Task material:
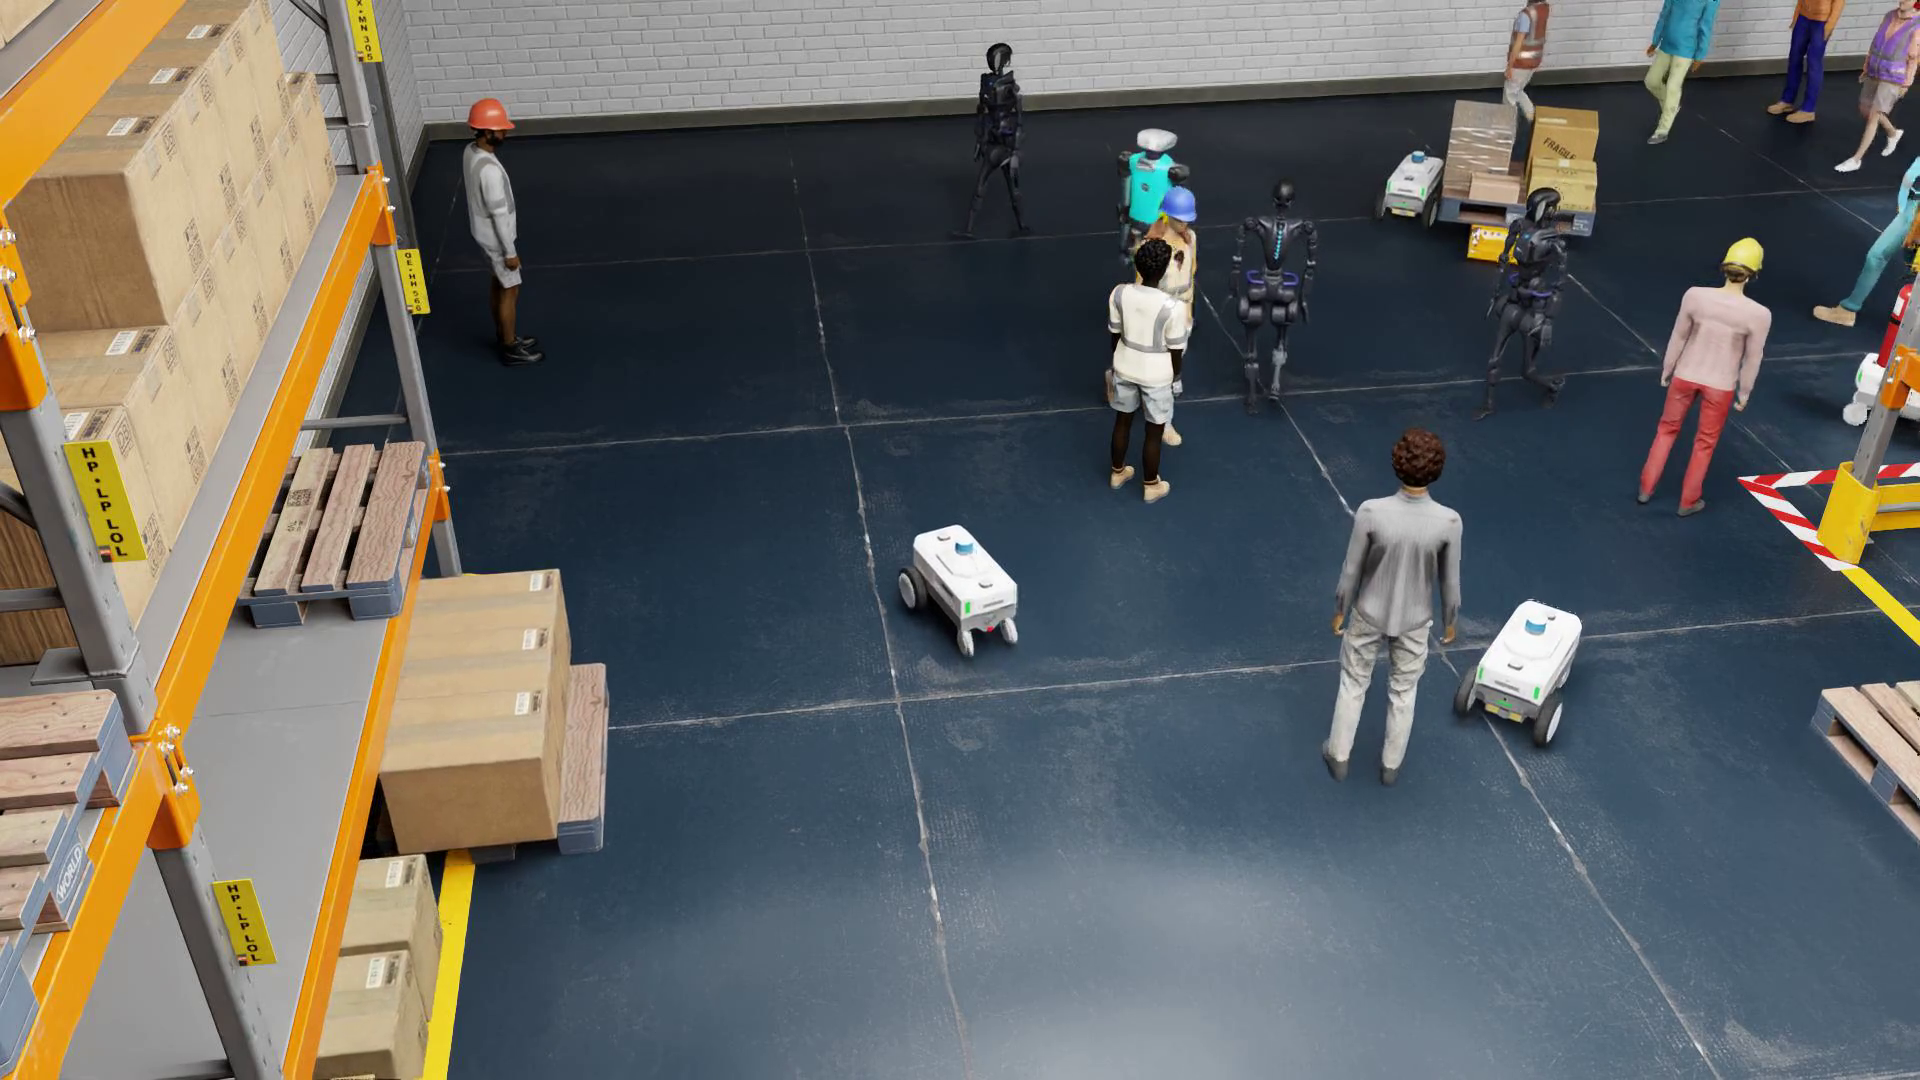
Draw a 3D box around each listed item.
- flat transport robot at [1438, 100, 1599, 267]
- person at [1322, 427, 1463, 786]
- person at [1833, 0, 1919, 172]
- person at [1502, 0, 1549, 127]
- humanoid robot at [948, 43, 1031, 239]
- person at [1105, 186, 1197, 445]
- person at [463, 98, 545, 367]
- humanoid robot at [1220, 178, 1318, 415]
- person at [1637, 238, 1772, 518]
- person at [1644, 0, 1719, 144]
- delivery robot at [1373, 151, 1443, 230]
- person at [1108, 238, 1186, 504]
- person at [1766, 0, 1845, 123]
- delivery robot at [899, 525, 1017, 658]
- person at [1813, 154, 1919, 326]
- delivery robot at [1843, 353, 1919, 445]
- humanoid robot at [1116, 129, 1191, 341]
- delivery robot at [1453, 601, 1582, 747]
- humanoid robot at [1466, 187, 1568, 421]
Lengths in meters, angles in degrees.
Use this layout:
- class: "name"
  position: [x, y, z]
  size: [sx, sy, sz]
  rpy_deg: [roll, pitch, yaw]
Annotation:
- class: "flat transport robot"
  position: [4.629, -2.678, 13.956]
  size: [0.659, 0.231, 1.431]
  rpy_deg: [9, 34, 14]
- class: "person"
  position: [2.047, 0.355, 7.831]
  size: [0.568, 1.887, 0.410]
  rpy_deg: [7, 34, 10]
- class: "person"
  position: [8.361, -4.147, 14.916]
  size: [0.682, 1.671, 0.486]
  rpy_deg: [-8, 34, -12]
- class: "person"
  position: [5.222, -4.395, 15.292]
  size: [0.487, 1.669, 0.443]
  rpy_deg: [-27, 42, -35]
- class: "humanoid robot"
  position: [0.284, -3.181, 13.464]
  size: [0.718, 1.635, 0.584]
  rpy_deg: [-24, 40, -31]
- class: "person"
  position: [1.258, -1.498, 10.783]
  size: [0.474, 1.747, 0.622]
  rpy_deg: [-19, 38, -27]
- class: "person"
  position: [-3.198, -2.132, 11.609]
  size: [0.387, 1.925, 0.547]
  rpy_deg: [-16, 37, -23]
- class: "humanoid robot"
  position: [2.035, -1.616, 11.040]
  size: [0.588, 1.654, 0.344]
  rpy_deg: [2, 33, 4]
- class: "person"
  position: [4.489, -0.969, 9.983]
  size: [0.528, 1.752, 0.376]
  rpy_deg: [23, 40, 31]
- class: "person"
  position: [6.756, -4.622, 15.589]
  size: [0.519, 1.733, 0.581]
  rpy_deg: [-14, 36, -20]
- class: "delivery robot"
  position: [3.873, -3.014, 14.215]
  size: [0.499, 0.601, 0.805]
  rpy_deg: [15, 36, 22]
- class: "person"
  position: [1.124, -1.021, 10.117]
  size: [0.531, 1.694, 0.319]
  rpy_deg: [23, 40, 31]
- class: "person"
  position: [8.251, -5.051, 16.040]
  size: [0.404, 1.971, 0.518]
  rpy_deg: [-10, 34, -15]
- class: "delivery robot"
  position: [0.015, 0.239, 9.233]
  size: [0.499, 0.603, 0.803]
  rpy_deg: [-15, 36, -22]
- class: "person"
  position: [6.913, -2.361, 12.036]
  size: [0.833, 1.836, 0.545]
  rpy_deg: [27, 42, 35]
- class: "delivery robot"
  position: [6.364, -0.960, 11.059]
  size: [0.774, 0.592, 0.499]
  rpy_deg: [23, 40, 31]
- class: "humanoid robot"
  position: [1.480, -2.083, 11.762]
  size: [0.540, 1.842, 0.865]
  rpy_deg: [22, 39, 30]
- class: "delivery robot"
  position: [2.929, 0.634, 8.591]
  size: [0.499, 0.563, 0.738]
  rpy_deg: [21, 38, 28]
- class: "humanoid robot"
  position: [3.782, -1.567, 10.980]
  size: [0.655, 1.630, 0.611]
  rpy_deg: [-16, 36, -22]

Directions for this task: Copy every record above exactly as written, but leave out the pictures.

Solution:
Draw a 3D box around each listed item.
- flat transport robot at [1438, 100, 1599, 267]
- person at [1322, 427, 1463, 786]
- person at [1833, 0, 1919, 172]
- person at [1502, 0, 1549, 127]
- humanoid robot at [948, 43, 1031, 239]
- person at [1105, 186, 1197, 445]
- person at [463, 98, 545, 367]
- humanoid robot at [1220, 178, 1318, 415]
- person at [1637, 238, 1772, 518]
- person at [1644, 0, 1719, 144]
- delivery robot at [1373, 151, 1443, 230]
- person at [1108, 238, 1186, 504]
- person at [1766, 0, 1845, 123]
- delivery robot at [899, 525, 1017, 658]
- person at [1813, 154, 1919, 326]
- delivery robot at [1843, 353, 1919, 445]
- humanoid robot at [1116, 129, 1191, 341]
- delivery robot at [1453, 601, 1582, 747]
- humanoid robot at [1466, 187, 1568, 421]
Lengths in meters, angles in degrees.
Use this layout:
- class: "name"
  position: [x, y, z]
  size: [sx, sy, sz]
  rpy_deg: [roll, pitch, yaw]
Annotation:
- class: "flat transport robot"
  position: [4.629, -2.678, 13.956]
  size: [0.659, 0.231, 1.431]
  rpy_deg: [9, 34, 14]
- class: "person"
  position: [2.047, 0.355, 7.831]
  size: [0.568, 1.887, 0.410]
  rpy_deg: [7, 34, 10]
- class: "person"
  position: [8.361, -4.147, 14.916]
  size: [0.682, 1.671, 0.486]
  rpy_deg: [-8, 34, -12]
- class: "person"
  position: [5.222, -4.395, 15.292]
  size: [0.487, 1.669, 0.443]
  rpy_deg: [-27, 42, -35]
- class: "humanoid robot"
  position: [0.284, -3.181, 13.464]
  size: [0.718, 1.635, 0.584]
  rpy_deg: [-24, 40, -31]
- class: "person"
  position: [1.258, -1.498, 10.783]
  size: [0.474, 1.747, 0.622]
  rpy_deg: [-19, 38, -27]
- class: "person"
  position: [-3.198, -2.132, 11.609]
  size: [0.387, 1.925, 0.547]
  rpy_deg: [-16, 37, -23]
- class: "humanoid robot"
  position: [2.035, -1.616, 11.040]
  size: [0.588, 1.654, 0.344]
  rpy_deg: [2, 33, 4]
- class: "person"
  position: [4.489, -0.969, 9.983]
  size: [0.528, 1.752, 0.376]
  rpy_deg: [23, 40, 31]
- class: "person"
  position: [6.756, -4.622, 15.589]
  size: [0.519, 1.733, 0.581]
  rpy_deg: [-14, 36, -20]
- class: "delivery robot"
  position: [3.873, -3.014, 14.215]
  size: [0.499, 0.601, 0.805]
  rpy_deg: [15, 36, 22]
- class: "person"
  position: [1.124, -1.021, 10.117]
  size: [0.531, 1.694, 0.319]
  rpy_deg: [23, 40, 31]
- class: "person"
  position: [8.251, -5.051, 16.040]
  size: [0.404, 1.971, 0.518]
  rpy_deg: [-10, 34, -15]
- class: "delivery robot"
  position: [0.015, 0.239, 9.233]
  size: [0.499, 0.603, 0.803]
  rpy_deg: [-15, 36, -22]
- class: "person"
  position: [6.913, -2.361, 12.036]
  size: [0.833, 1.836, 0.545]
  rpy_deg: [27, 42, 35]
- class: "delivery robot"
  position: [6.364, -0.960, 11.059]
  size: [0.774, 0.592, 0.499]
  rpy_deg: [23, 40, 31]
- class: "humanoid robot"
  position: [1.480, -2.083, 11.762]
  size: [0.540, 1.842, 0.865]
  rpy_deg: [22, 39, 30]
- class: "delivery robot"
  position: [2.929, 0.634, 8.591]
  size: [0.499, 0.563, 0.738]
  rpy_deg: [21, 38, 28]
- class: "humanoid robot"
  position: [3.782, -1.567, 10.980]
  size: [0.655, 1.630, 0.611]
  rpy_deg: [-16, 36, -22]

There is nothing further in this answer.